We want boids to equally distribute themselves along the surface of a desired shape, and to adapt to a loss or gain in boids. In order to do this we will need two rules. Goal pursuit: Each boid will pursue the nearest point on the surface, this is what will cause the boids to form the shape as a whole. Separation: Just as with Craig Reynolad’s boids, each boid will push away from its neighbors. This will cause the boids to naturally distribute themselves within the space while adapting to changes in swarm size.
Let’s begin simply, a single boid pursuing the center of the screen. It will generate a force proportional to its distance from the target (the farther it is, the more quickly it accelerates towards the goal. The closer it is, the less it needs to accelerate). Let’s see what happens to a boid with no initial velocity.

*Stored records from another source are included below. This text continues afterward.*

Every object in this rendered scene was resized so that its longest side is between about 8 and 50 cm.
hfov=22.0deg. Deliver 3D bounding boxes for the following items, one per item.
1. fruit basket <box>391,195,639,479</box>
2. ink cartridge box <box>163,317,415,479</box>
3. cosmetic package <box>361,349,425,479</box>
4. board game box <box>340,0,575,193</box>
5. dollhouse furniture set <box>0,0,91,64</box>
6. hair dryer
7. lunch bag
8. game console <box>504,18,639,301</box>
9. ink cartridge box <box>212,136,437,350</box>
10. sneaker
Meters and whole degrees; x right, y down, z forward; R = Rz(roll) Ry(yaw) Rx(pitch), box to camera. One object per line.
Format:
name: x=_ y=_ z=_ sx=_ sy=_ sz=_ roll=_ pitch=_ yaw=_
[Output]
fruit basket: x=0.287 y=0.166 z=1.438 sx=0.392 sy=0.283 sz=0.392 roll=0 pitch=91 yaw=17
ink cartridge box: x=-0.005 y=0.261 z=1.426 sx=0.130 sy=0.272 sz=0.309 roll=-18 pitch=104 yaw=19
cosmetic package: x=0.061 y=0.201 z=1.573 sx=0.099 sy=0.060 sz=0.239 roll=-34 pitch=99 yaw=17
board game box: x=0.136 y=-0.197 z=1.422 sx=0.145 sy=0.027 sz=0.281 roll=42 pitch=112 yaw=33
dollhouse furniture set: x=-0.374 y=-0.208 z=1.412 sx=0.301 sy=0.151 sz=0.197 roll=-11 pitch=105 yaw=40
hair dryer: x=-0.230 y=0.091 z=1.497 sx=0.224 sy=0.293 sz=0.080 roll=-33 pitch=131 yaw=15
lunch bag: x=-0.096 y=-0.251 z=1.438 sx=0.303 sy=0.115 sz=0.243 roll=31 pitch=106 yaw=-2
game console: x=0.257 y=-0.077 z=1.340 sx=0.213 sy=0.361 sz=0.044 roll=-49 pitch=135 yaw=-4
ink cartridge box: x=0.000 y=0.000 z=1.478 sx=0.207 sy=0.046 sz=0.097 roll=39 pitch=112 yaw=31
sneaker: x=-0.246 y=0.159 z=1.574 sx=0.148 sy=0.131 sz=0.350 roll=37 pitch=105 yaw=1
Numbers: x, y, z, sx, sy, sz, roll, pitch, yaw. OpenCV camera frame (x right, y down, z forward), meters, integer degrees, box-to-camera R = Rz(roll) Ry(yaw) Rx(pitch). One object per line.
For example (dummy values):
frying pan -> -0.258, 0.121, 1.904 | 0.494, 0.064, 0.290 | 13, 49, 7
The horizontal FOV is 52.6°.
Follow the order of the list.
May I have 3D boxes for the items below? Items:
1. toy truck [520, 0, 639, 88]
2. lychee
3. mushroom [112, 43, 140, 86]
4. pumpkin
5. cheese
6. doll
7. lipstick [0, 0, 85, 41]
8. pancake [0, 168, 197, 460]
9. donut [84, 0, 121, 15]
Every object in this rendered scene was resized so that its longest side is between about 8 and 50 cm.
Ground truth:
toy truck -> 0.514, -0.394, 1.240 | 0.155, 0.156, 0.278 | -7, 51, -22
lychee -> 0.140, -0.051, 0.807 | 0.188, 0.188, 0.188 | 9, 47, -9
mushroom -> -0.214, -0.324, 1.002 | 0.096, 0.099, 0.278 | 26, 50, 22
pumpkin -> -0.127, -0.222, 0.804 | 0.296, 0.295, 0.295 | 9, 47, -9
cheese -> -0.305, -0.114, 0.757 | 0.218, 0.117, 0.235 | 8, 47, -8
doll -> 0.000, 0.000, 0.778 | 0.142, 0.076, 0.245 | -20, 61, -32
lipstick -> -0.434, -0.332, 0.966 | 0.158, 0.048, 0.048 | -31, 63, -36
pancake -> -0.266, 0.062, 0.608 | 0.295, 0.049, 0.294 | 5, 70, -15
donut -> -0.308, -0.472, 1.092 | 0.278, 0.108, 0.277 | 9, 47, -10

It just oscillates around the target, which is not what we want. In real life, you would want to use a control system like PID, but for our purposes, we just need to add drag.
Drag will be a second force being applied to the boid. It will act proportionally in the opposite direction of the boid’s velocity (the faster you go, the more strongly drag will push you back). With that we get
If you write the equation for the governing forces on this boid, it turns out to be the equation of a damped oscillator. And this equation applies in higher dimensions, let’s see the boid following a moving target.
And now we can add many more boids along with a separation rule.
Each boid will consider the other boids closest to itself (within a radius) and add a repulsive force inversely proportional to its distance (closer means stronger repulsion, farther is weaker). Let’s have lots of boids separate from each other, no target.
And now let’s give them a shape to take.
A simple but interesting shape is the annulus (a donut). Boids will move towards a certain radius from the center, not too close and not too far. We have many variables to play with here: the goal-searching strength, the separation strength, and the drag strength. I will use whatever set of variables looks nice when running the simulation. In order to test the resiliency of the boids, I will introduce disturbances while they attempt to take shape.
They quickly form the desired shape and heal from disturbances. Now let’s add a unique feature to the shape so it’s not symmetrical everywhere.
And it works! But what if we made it more difficult for the boids?
What if the boids don’t know the location or rotation of the shape, then how would they know where to move to? They would first all have to agree on where the shape is through some voting mechanism. We will limit a boid to communication only with the boids nearest to them, and to only be capable of sending out a message every few seconds.
But first, what does it look like without voting? Everyone has a random initial belief about the location and rotation of the shape, so they essentially just move to a random point on the screen.
Nothing too exciting (except that they all accelerate and decelerate at the same time, look deeper into damped oscillators to find out why). What they need is a voting mechanism.
Every second or so a boid will send out its believed coordinates to its nearest neighbors. The neighbors will then take a weighted average of that value with their current belief (rotation is in modulo space, so we will average in the closest direction), and continue the process. Let’s color code the boids based on their belief of the rotation so we can gain some insight into what the swarm is thinking.
We see some outliers, but they’re too far to communicate with, so there’s no way of getting them to join the larger swarm. We also see each boid starts with a different belief (color), but they eventually all agree and can make the desired shape (and notice it has a different rotation from the original). But this one demonstration is deceiving. If you run the simulation again, there’s a chance the boids never agree. Watch.
While the gradient of colors is pretty, it is also problematic. Essentially each color is attempting to spread through the swarm, but due to the circular nature of both the boids and the value being voted on, everyone is stuck in a stalemate (who knew Escher’s staircase had real implications?).
One neat solution (although it could be argued ignores the root issue) is to fill in the shape rather than outline it. If the shape is filled in, then the center has to be some color, which then can spread and take over the rest of the swarm.
And now we have a self-healing and self-organizing swarm that can form a global shape using only local information and communication.